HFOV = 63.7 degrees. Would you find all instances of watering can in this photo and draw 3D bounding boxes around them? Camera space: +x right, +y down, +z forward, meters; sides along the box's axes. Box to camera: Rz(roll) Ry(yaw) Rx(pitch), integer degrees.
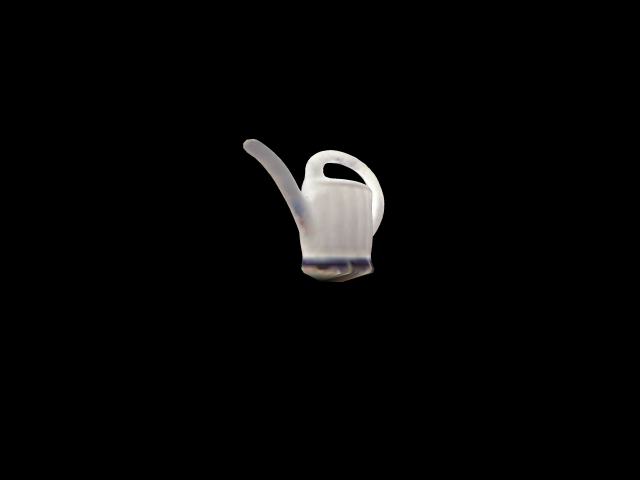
[{"bbox_3d":[0.003,-0.043,0.850,0.103,0.225,0.347,-5,-6,40],"label":"watering can"}]
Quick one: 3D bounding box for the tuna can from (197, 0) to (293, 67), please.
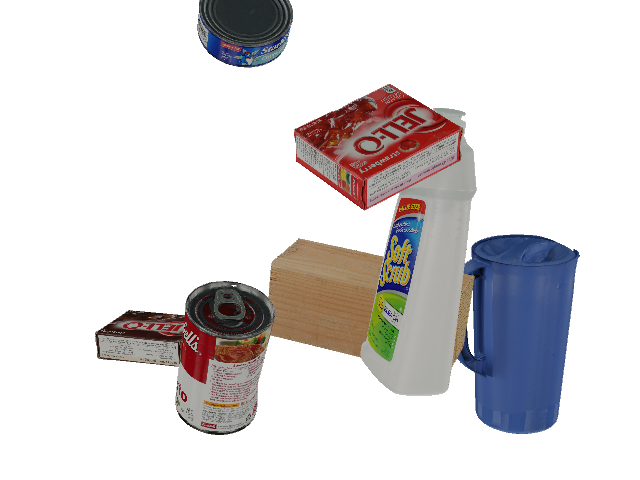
[{"bbox_3d":[-0.070,-0.200,0.976,0.086,0.086,0.034,0,-32,-11],"label":"tuna can"}]

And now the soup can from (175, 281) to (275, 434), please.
[{"bbox_3d":[-0.075,0.092,0.830,0.068,0.102,0.068,8,34,-5],"label":"soup can"}]

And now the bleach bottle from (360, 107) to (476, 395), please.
[{"bbox_3d":[0.093,0.006,0.953,0.068,0.251,0.103,1,18,-18],"label":"bleach bottle"}]

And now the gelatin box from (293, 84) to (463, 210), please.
[{"bbox_3d":[0.039,-0.065,0.711,0.089,0.030,0.073,-28,47,-27],"label":"gelatin box"}]

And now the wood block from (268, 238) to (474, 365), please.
[{"bbox_3d":[0.053,0.072,1.173,0.206,0.091,0.090,12,22,17],"label":"wood block"}]

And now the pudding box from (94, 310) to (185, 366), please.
[{"bbox_3d":[-0.204,0.118,1.300,0.114,0.039,0.090,2,14,17],"label":"pudding box"}]

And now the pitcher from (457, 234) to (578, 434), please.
[{"bbox_3d":[0.248,0.122,1.372,0.149,0.243,0.144,5,17,17],"label":"pitcher"}]
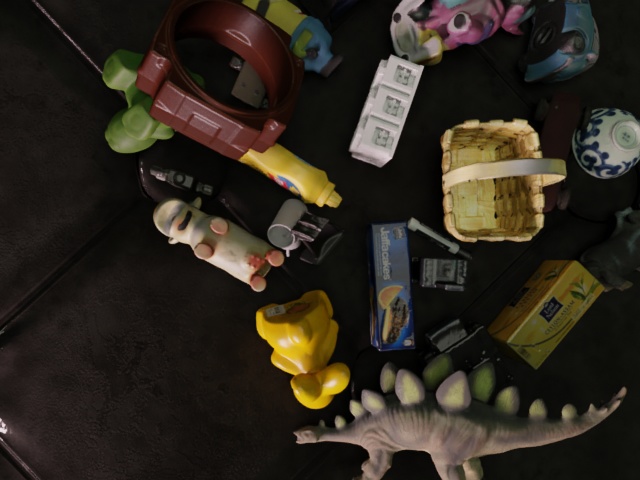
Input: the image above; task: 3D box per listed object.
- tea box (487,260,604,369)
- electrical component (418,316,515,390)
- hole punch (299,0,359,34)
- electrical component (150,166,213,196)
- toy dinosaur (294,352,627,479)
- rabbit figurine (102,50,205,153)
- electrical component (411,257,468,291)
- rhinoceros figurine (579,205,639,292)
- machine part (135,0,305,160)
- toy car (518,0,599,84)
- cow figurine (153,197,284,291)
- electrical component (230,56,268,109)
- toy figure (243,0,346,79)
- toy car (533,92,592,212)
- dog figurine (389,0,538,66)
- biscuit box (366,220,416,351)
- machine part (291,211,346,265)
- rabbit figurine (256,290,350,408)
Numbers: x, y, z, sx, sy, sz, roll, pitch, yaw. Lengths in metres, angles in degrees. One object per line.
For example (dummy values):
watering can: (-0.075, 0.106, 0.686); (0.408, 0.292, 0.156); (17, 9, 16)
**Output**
tea box: (0.353, 0.114, 0.855); (0.068, 0.098, 0.169); (41, 84, -3)
electrical component: (0.228, 0.193, 0.863); (0.115, 0.058, 0.134); (-33, 91, -7)
hole punch: (0.018, -0.421, 0.850); (0.092, 0.116, 0.142); (-36, 91, -37)
electrical component: (-0.213, -0.092, 0.834); (0.094, 0.063, 0.021); (19, 87, -5)
toy dinosaur: (0.190, 0.274, 0.788); (0.472, 0.105, 0.198); (-3, 97, 11)
rabbit figurine: (-0.258, -0.197, 0.803); (0.159, 0.170, 0.121); (-35, 94, -46)
electrical component: (0.189, 0.051, 0.834); (0.075, 0.119, 0.047); (2, 88, -2)
rhinoceros figurine: (0.516, 0.005, 0.890); (0.190, 0.073, 0.112); (-37, 81, -3)
machine part: (-0.129, -0.228, 0.732); (0.201, 0.087, 0.201); (26, 56, -22)
toy car: (0.403, -0.322, 0.882); (0.103, 0.109, 0.161); (21, 74, -25)
cow figurine: (-0.160, -0.004, 0.818); (0.195, 0.127, 0.085); (30, 86, -17)
electrical component: (-0.098, -0.255, 0.862); (0.102, 0.045, 0.078); (23, 115, -1)
toy figure: (-0.046, -0.323, 0.849); (0.180, 0.082, 0.089); (40, 85, -5)
toy car: (0.384, -0.144, 0.890); (0.089, 0.053, 0.202); (13, 86, 16)
dog figurine: (0.242, -0.358, 0.868); (0.219, 0.191, 0.108); (-18, 86, -39)
biscuit box: (0.111, 0.071, 0.856); (0.063, 0.059, 0.202); (-3, 88, -5)
machine part: (-0.002, -0.002, 0.814); (0.084, 0.138, 0.039); (-42, 69, -3)
rabbit figurine: (-0.011, 0.180, 0.811); (0.122, 0.162, 0.173); (-16, 107, -17)
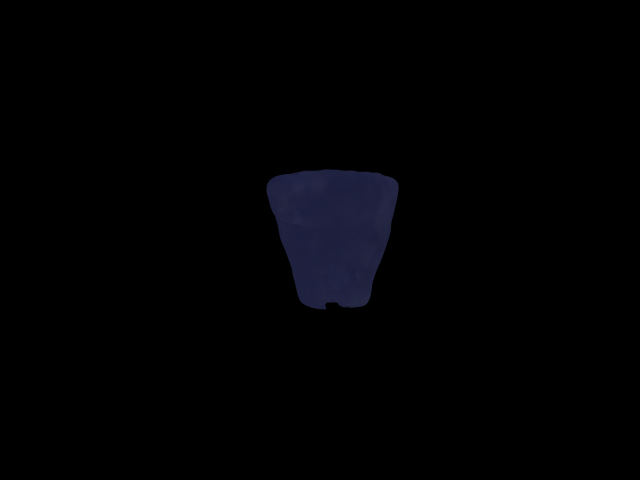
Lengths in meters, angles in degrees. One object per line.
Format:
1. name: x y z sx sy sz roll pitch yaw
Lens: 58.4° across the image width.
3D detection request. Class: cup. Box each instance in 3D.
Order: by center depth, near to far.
1. cup: 0.004 0.001 0.400 0.091 0.095 0.118 0 0 32
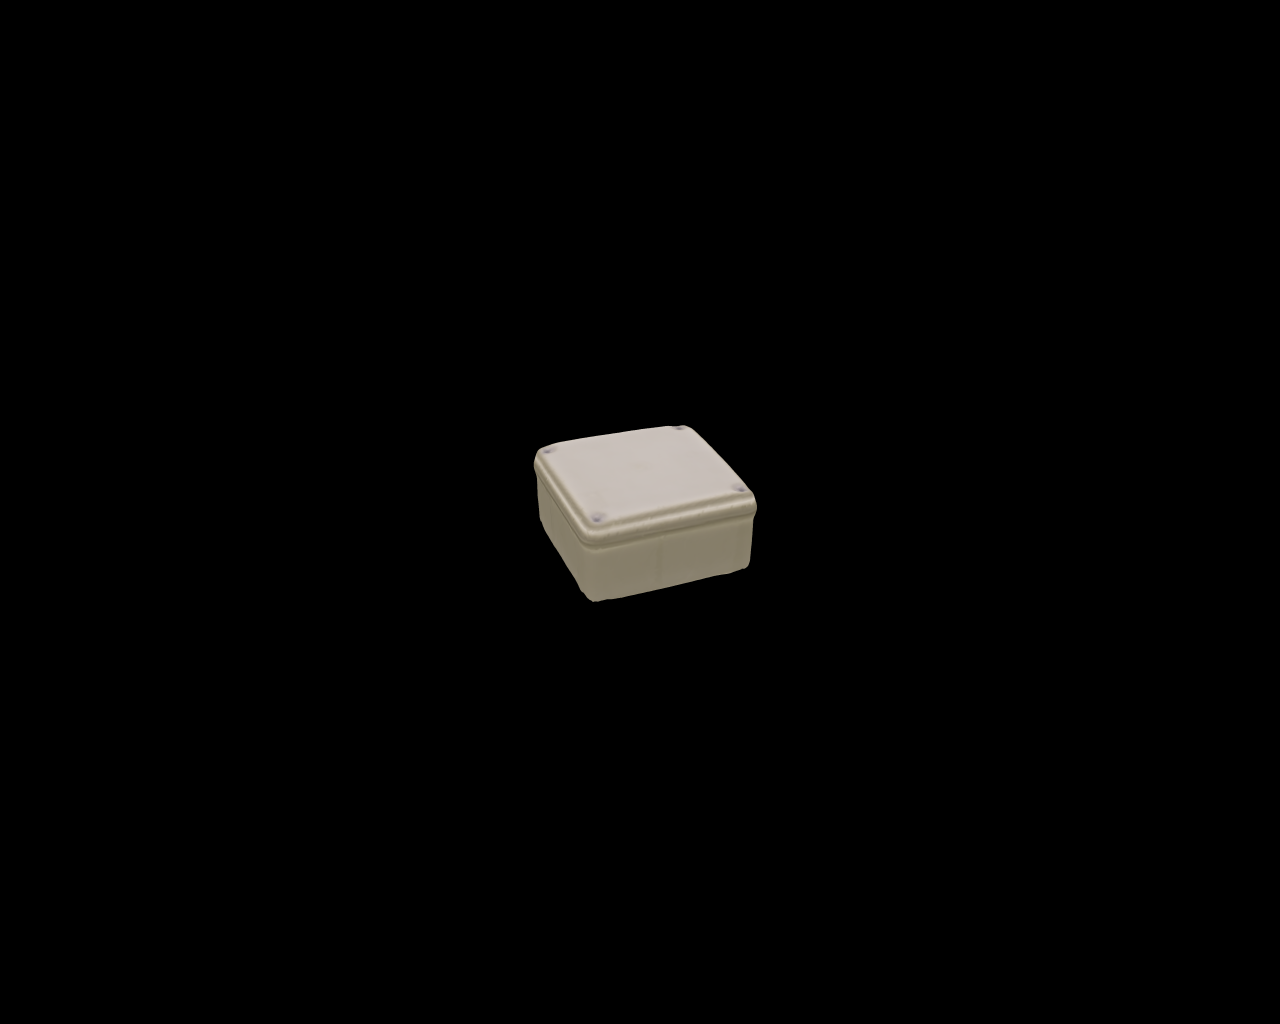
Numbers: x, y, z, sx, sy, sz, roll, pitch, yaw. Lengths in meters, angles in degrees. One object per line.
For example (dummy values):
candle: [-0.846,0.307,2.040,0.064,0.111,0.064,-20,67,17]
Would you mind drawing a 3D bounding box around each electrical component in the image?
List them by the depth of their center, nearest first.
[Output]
electrical component: [0.001,-0.003,0.650,0.109,0.056,0.109,-11,32,-18]
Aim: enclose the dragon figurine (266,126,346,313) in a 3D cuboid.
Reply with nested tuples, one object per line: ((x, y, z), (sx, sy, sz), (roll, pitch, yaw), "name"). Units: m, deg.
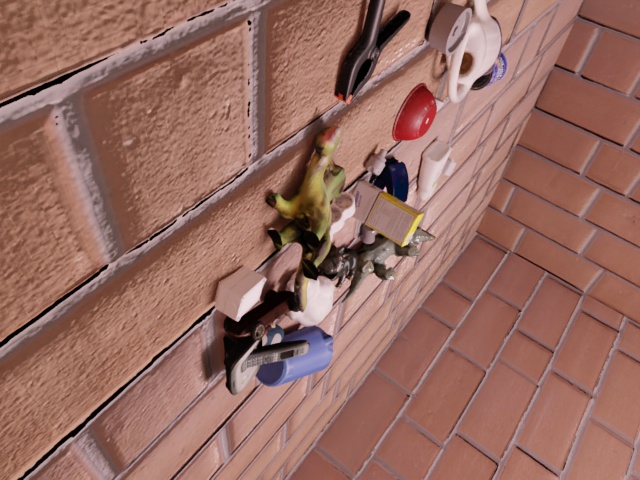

※

Each line from the first line of the entries through the line containing "- tea box (487,260,604,369)" should be duplicated word for word, and nothing more; the pictures stay out.

ANSWER SPACE »
HFOV = 63.7 degrees. Would you find all instances of watering can in this photo and draw 3D bounding boxes around them? Camera space: +x right, +y down, +z forward, meters; sides along the box's axes. Box to camera: Rz(roll) Ry(yaw) Rx(pitch), integer degrees.
[{"bbox_3d":[0.003,-0.043,0.850,0.103,0.225,0.347,-5,-6,40],"label":"watering can"}]
Quick one: 3D bounding box for the tuna can from (197, 0) to (293, 67), please.
[{"bbox_3d":[-0.070,-0.200,0.976,0.086,0.086,0.034,0,-32,-11],"label":"tuna can"}]

And now the soup can from (175, 281) to (275, 434), please.
[{"bbox_3d":[-0.075,0.092,0.830,0.068,0.102,0.068,8,34,-5],"label":"soup can"}]

And now the bleach bottle from (360, 107) to (476, 395), please.
[{"bbox_3d":[0.093,0.006,0.953,0.068,0.251,0.103,1,18,-18],"label":"bleach bottle"}]

And now the gelatin box from (293, 84) to (463, 210), please.
[{"bbox_3d":[0.039,-0.065,0.711,0.089,0.030,0.073,-28,47,-27],"label":"gelatin box"}]

And now the wood block from (268, 238) to (474, 365), please.
[{"bbox_3d":[0.053,0.072,1.173,0.206,0.091,0.090,12,22,17],"label":"wood block"}]

And now the pudding box from (94, 310) to (185, 366), please.
[{"bbox_3d":[-0.204,0.118,1.300,0.114,0.039,0.090,2,14,17],"label":"pudding box"}]

And now the pitcher from (457, 234) to (578, 434), please.
[{"bbox_3d":[0.248,0.122,1.372,0.149,0.243,0.144,5,17,17],"label":"pitcher"}]
Input: the image above; task: 3D box per listed object.
- tea box (487,260,604,369)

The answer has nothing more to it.